This afternoon we were honored to be joined by Christine Corday, an artist who works with elemental metals to create monumental sculptures. Afterward, our panel engaged her in a lively discussion that touched on many of the points we have covered in our dialogue. Readers are encouraged to post questions and comments for Christine here; she will be checking and I'm sure will be delighted to respond.
Christine Corday artist talk: Thingly Affinities: Christine Corday.
3 comments:
Christine, this was an unforgettable presentation. There were so many points of resonance for me in these 90 minutes. Thank you for sharing, openly and articulately.
Charlene used a wonderful word to describe your language and point of view: fresh. That’s another way of saying your authenticity is unquestioned and in tact.
Intimacy is indifferent to scale.
Material phases of suns.
How to observe what you cannot see.
Objects that defy objecthood.
Art without being an artist.
We are all looking at the same clay.
Happy to be alive in the down cycle (or up cycle) of shared material, shared disciplines.
This all speaks to a deeply devotional practice.
Scale was a term used many times in your presentation.
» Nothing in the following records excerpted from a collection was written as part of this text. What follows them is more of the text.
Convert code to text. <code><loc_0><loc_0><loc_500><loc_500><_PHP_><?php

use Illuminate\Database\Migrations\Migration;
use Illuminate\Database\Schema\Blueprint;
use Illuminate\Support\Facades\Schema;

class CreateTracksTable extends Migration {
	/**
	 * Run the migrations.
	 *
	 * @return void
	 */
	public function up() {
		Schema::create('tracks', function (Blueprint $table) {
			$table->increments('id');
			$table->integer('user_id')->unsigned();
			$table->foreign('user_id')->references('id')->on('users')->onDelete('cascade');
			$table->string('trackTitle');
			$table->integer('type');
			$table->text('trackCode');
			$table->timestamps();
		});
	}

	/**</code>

Your projects and explorations operate at a level that is rarefied and larger than life. Meanwhile many of us are working at a very different place on the scale spectrum. I am now considering what outcomes I can achieve that are, like intimacy, indifferent to scale. It is a useful and clarifying question to ask, one inspired by your words.
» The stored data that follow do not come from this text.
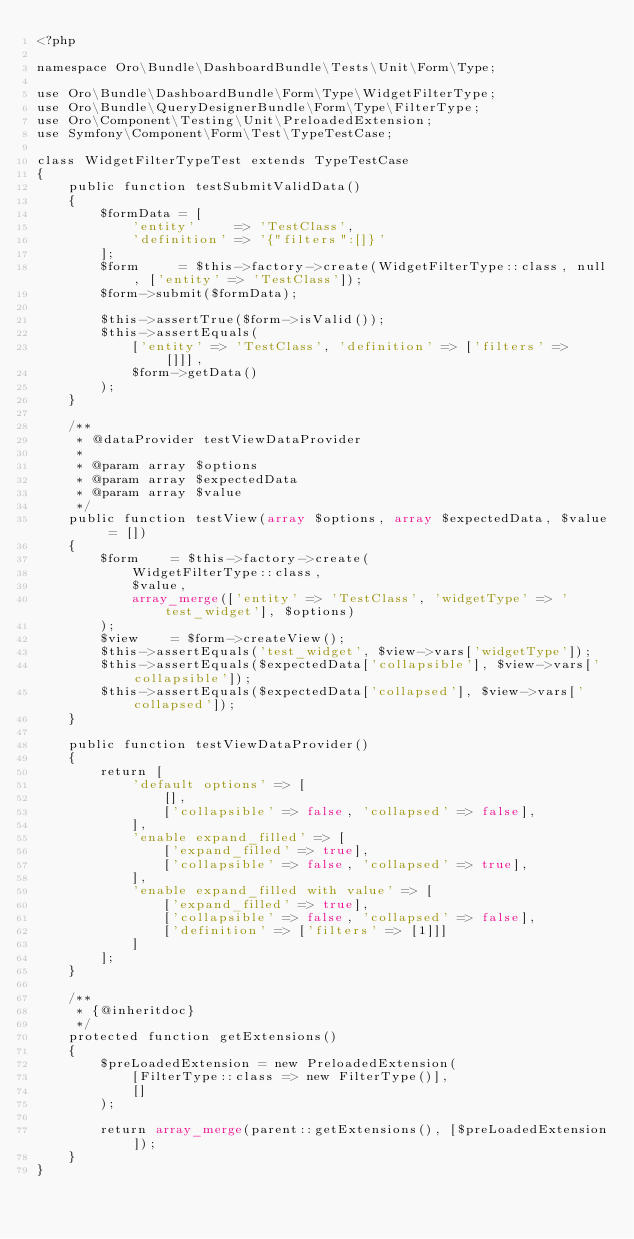Convert code to text. <code><loc_0><loc_0><loc_500><loc_500><_PHP_><?php

namespace Oro\Bundle\DashboardBundle\Tests\Unit\Form\Type;

use Oro\Bundle\DashboardBundle\Form\Type\WidgetFilterType;
use Oro\Bundle\QueryDesignerBundle\Form\Type\FilterType;
use Oro\Component\Testing\Unit\PreloadedExtension;
use Symfony\Component\Form\Test\TypeTestCase;

class WidgetFilterTypeTest extends TypeTestCase
{
    public function testSubmitValidData()
    {
        $formData = [
            'entity'     => 'TestClass',
            'definition' => '{"filters":[]}'
        ];
        $form     = $this->factory->create(WidgetFilterType::class, null, ['entity' => 'TestClass']);
        $form->submit($formData);

        $this->assertTrue($form->isValid());
        $this->assertEquals(
            ['entity' => 'TestClass', 'definition' => ['filters' => []]],
            $form->getData()
        );
    }

    /**
     * @dataProvider testViewDataProvider
     *
     * @param array $options
     * @param array $expectedData
     * @param array $value
     */
    public function testView(array $options, array $expectedData, $value = [])
    {
        $form    = $this->factory->create(
            WidgetFilterType::class,
            $value,
            array_merge(['entity' => 'TestClass', 'widgetType' => 'test_widget'], $options)
        );
        $view    = $form->createView();
        $this->assertEquals('test_widget', $view->vars['widgetType']);
        $this->assertEquals($expectedData['collapsible'], $view->vars['collapsible']);
        $this->assertEquals($expectedData['collapsed'], $view->vars['collapsed']);
    }

    public function testViewDataProvider()
    {
        return [
            'default options' => [
                [],
                ['collapsible' => false, 'collapsed' => false],
            ],
            'enable expand_filled' => [
                ['expand_filled' => true],
                ['collapsible' => false, 'collapsed' => true],
            ],
            'enable expand_filled with value' => [
                ['expand_filled' => true],
                ['collapsible' => false, 'collapsed' => false],
                ['definition' => ['filters' => [1]]]
            ]
        ];
    }

    /**
     * {@inheritdoc}
     */
    protected function getExtensions()
    {
        $preLoadedExtension = new PreloadedExtension(
            [FilterType::class => new FilterType()],
            []
        );

        return array_merge(parent::getExtensions(), [$preLoadedExtension]);
    }
}
</code>

Yes to all that, Deborah -- Christine is such an inspiration. As I said last night, one of the things I so admire about her is her determination to bring art back out into the real world - out beyond the petty concerns of the soulless and obsolescing gallery system and into the larger cultural sphere, where it can actually make a difference. (I say "back out" because "out" is indeed where art originated: out there in the larger community, a shared cultural force belonging to everyone and of which everyone partook.) One of her favorite phrases is "art as cultural infrastructure." This is exactly what I envision for a posthumanist art -- an approach to art that is other-oriented, out-oriented, oriented away from the self and toward our shared beinghood as Earthlings, where "Earthling" extends beyond the human to include all that is of the earth that is nonhuman too. Christine's ITER project speaks so beautifully to this idea. Humble, anonymous, and deeply interdependent with all the other parts, her little bolt sits tucked into that enormous structure, unseen and unheard, yet spreading its symbolic resonance through the enterprise as a whole. Art with a capital A as the 36th participating country: can you imagine how much this has inspired all the other countries involved? And I can guarantee that it's revised more than a few assumptions about art long held by people who have no familiarity with what we do and why.
Taney, That's a wonderful summation of one of the many highlights from Christine's presentation.Thank you for pulling it together so succinctly.
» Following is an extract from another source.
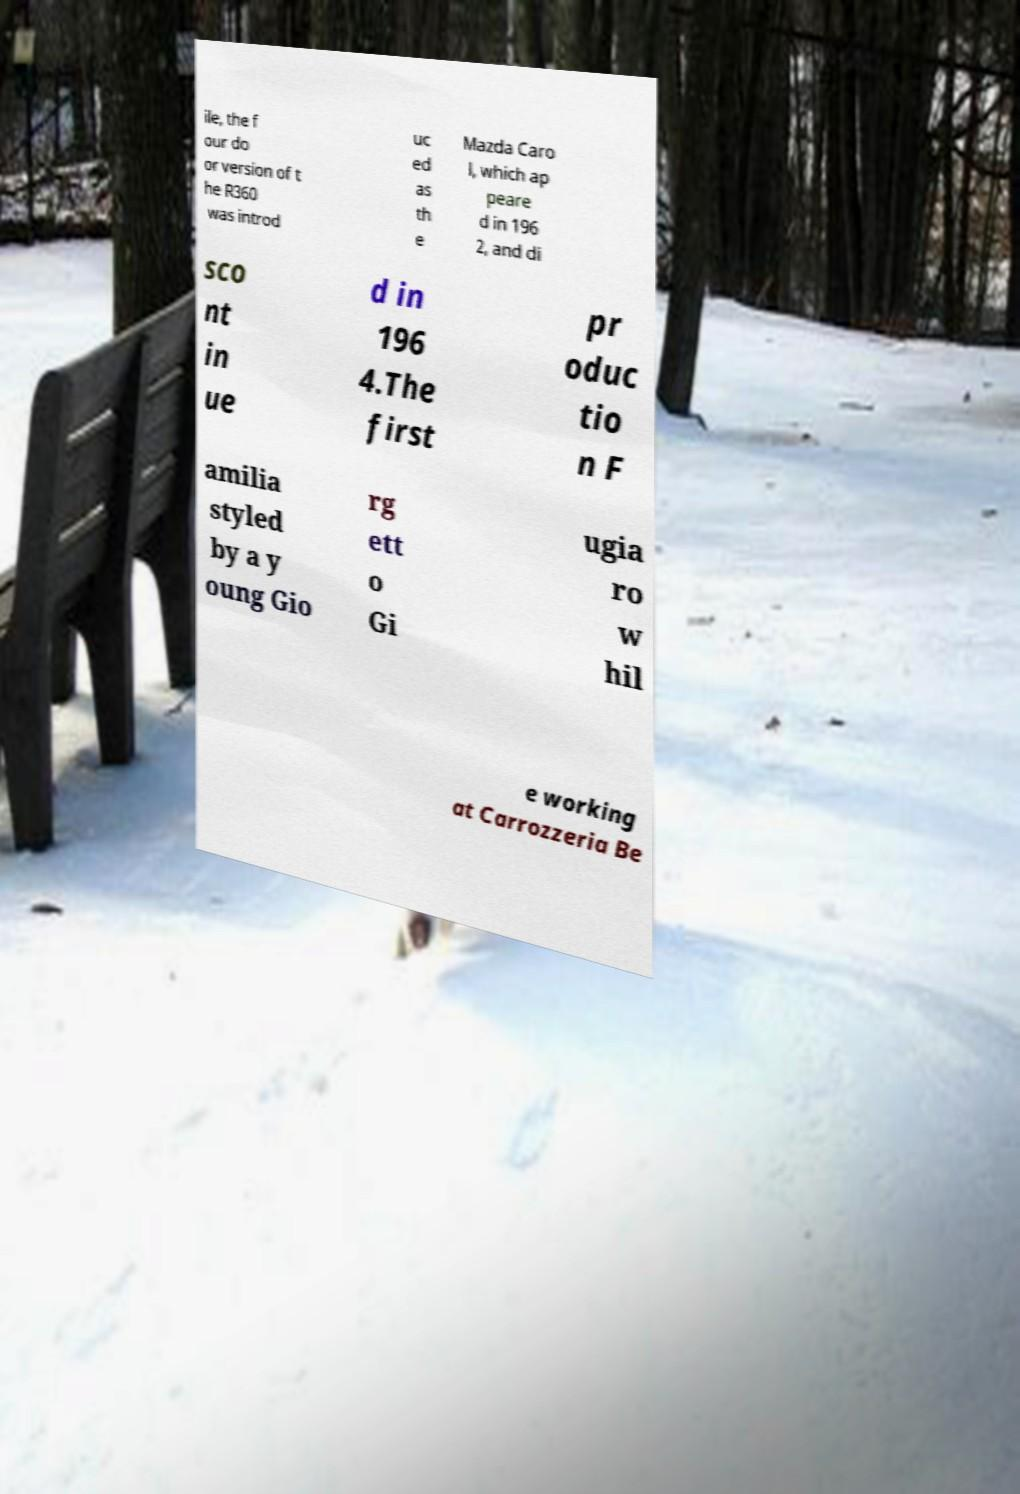There's text embedded in this image that I need extracted. Can you transcribe it verbatim? ile, the f our do or version of t he R360 was introd uc ed as th e Mazda Caro l, which ap peare d in 196 2, and di sco nt in ue d in 196 4.The first pr oduc tio n F amilia styled by a y oung Gio rg ett o Gi ugia ro w hil e working at Carrozzeria Be

I have been thinking about the presentation steadily over the last 24 hours, and now new questions are coming to the surface. I would so appreciate hearing Christine talk about the tension/relationship/confluence that exists between logical cognition and intuition in how to chart the next project, how to determine the direction of one's work.
I know those are loaded terms, so perhaps I can phrase it another way that most artists will recognize: How do you decide when to follow those inchoate urges rather than the logical/strategic mind, and vice versa? With so many project possibilities to consider, how do you go about choosing your next step?